Достойным завершением всего явилось то, когда отец — владелец какой-то странной фабрики зеркал, где также выпускались и подтяжки, всем заявлявший, что в такое время всего умней повеситься немедля, из собственных подтяжек сделав петлю, у собственного зеркала притом, сказал однажды сыну с одобрением: «Ты посадил жестянщика, я слышал? И правильно. Я думал, что ты рохля. А ты мужчина. Всех бы их — в тюрьму! Всех красных во главе с их президентом!» Тогда священник и пришел к Энрике.
Священник был издерган и затравлен. Стараясь не глядеть в глаза, шатаясь, измученно он выдавил: «Ты друг?» «Конечно, друг. Ты ни при чем — я знаю». «А кто же слухи эти распустил?

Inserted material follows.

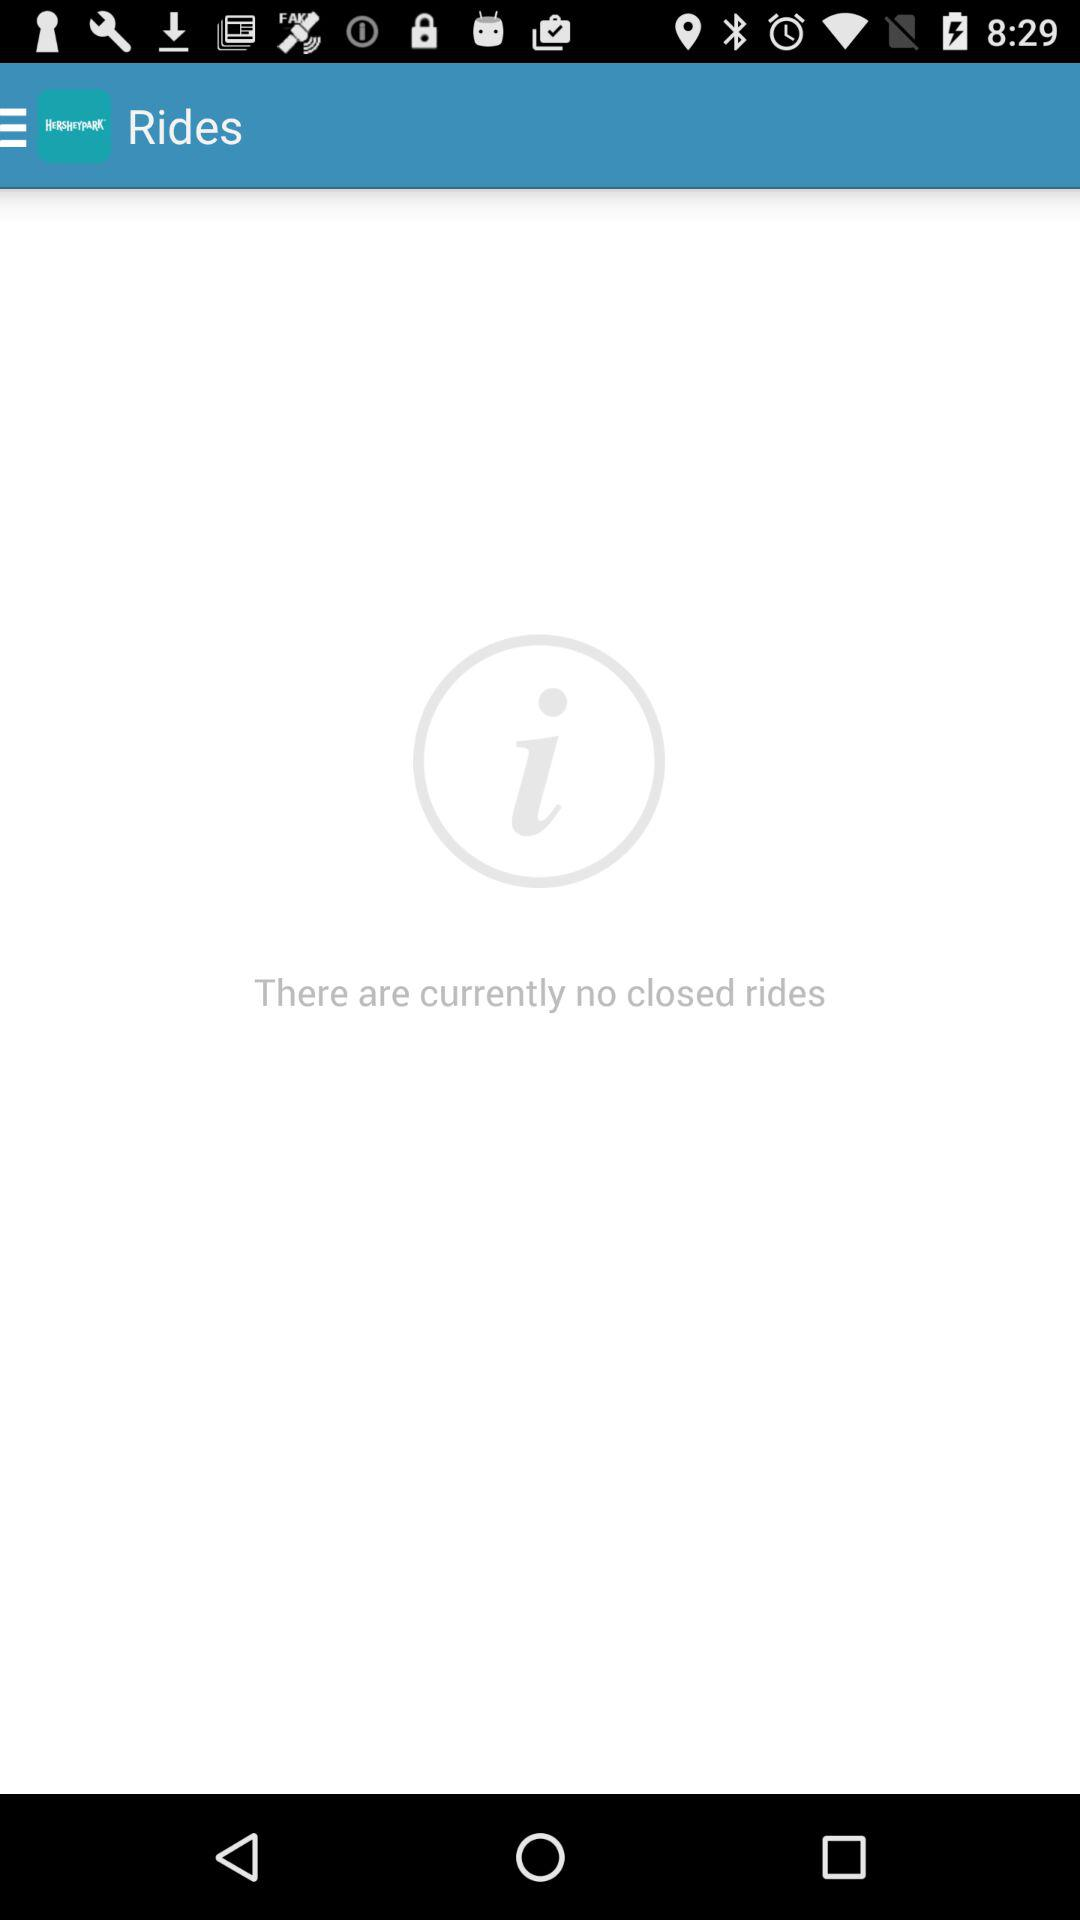If all of the closed rides were opened, how many closed rides would there be?
Answer the question using a single word or phrase. 0

Кто слушал наши споры на скамейке, а сам трусливо в споры не встревал?» «Молчал я не из трусости, а просто из-за того, что иногда жестянщик казался справедливым, иногда казался ты, а иногда вы оба, а иногда ни ты, ни он».
«А кто же?» «Никто, — сказал Энрике.
Что-то третье». Священник, наступая на него, тряс бледным потным лбом, как в лихорадке: «Нет, эти слухи ты распространил! Ты хочешь быть всех выше, всех умнее, и для тебя унизить ложью друга есть способ возвышенья твоего. Ты независим от Христа и Маркса. Ты — вечно третий. Ты ни с кем.
Над схваткой. Ты сам себе сказал: «Я гениален, и значит, все, что делаю, — прекрасно, а все негениальные способны в любую подходящую минуту на гадости — к примеру, на донос». И ты вообразил, припомнив споры, какие мы с жестянщиком вели, что ненавистным сделался мне он, что он мне враг, а разве грех великий предать врага? Вот что подумал ты». «Я не подумал». — «Нет, не лги подумал! Так знай — люблю его гораздо больше, чем самого себя, люблю давно и только потому давно с ним спорю. Я, как за брата, за него боюсь. Он хочет переделать все и сразу. Он сам, как будто бомба-самоделка, взорваться может в собственных руках, убить себя, а множеством осколков изранить или, может быть, убить совсем не тех, кого взорвать замыслил, а самых близких — мать, меня, тебя…
Мне так его предостеречь хотелось, но я совсем не из ханжей в сутанах доносом я не мог предостеречь! А знаешь, кто ты сам? Ты сам доносчик. Ты сделал на меня донос толпе, которая таких доносов жаждет. Какое наслажденье для ничтожеств доносчиком невинного назвать! Но есть еще и низость комплиментов, внушающих нам: «Правильно донес». Я даже благодарность схлопотал за мнимый мой донос от своего подтяжечно-зеркального папаши… Вот что со мной, Энрике, сделал ты». «Я ничего подобного не сделал». «Ты это сделал. Сделал и забыл. Ты — гений. Это вырвалось. Невольно. Небрежность отличительной чертой всех гениев является, как слышал. Небрежно предал.
Не заметил сам, как предал. Лишь одно твое словечко и все. Оно теперь на лбу моем. Но на твоем его я вижу тоже!» Пощечиной стегнула больно дверь. Стоял Энрике, потрясенный ложью, которую себе о нем придумал, чтобы спастись от оскорблений, друг. Когда нас оскорбляют подозреньем в том, в чем совсем не виноваты мы, мы тоже начинаем оскорблять других, совсем ни в чем не виноватых, и попадаем в тот проклятый круг, где все невиноватые виновны.
Энрике вздрогнул — телефон звонил с настойчивым сварливым дребезжаньем. Он трубку взял рукой, еще дрожащей: «А, это ты, отец». — «Узнал мой голос? Я думал — ты его уже забыл, как позабыл ты, что вчера была суббота и я ждал тебя весь вечер. Ты заболел?» — «Нет — заболела мама». «Она, как это помнится, всегда с огромным удовольствием болела в субботы, воскресенья, чтобы ты не виделся со мной». — «Но это правда. Она в постели». — «Почему же ты не мог мне позвонить?»
«Звонил, отец, твой телефон был, видимо, испорчен». «Мой был в порядке — это прихворнул твой. Гриппом заразился от хозяйки. Умеют заболеть и телефоны, когда им надо».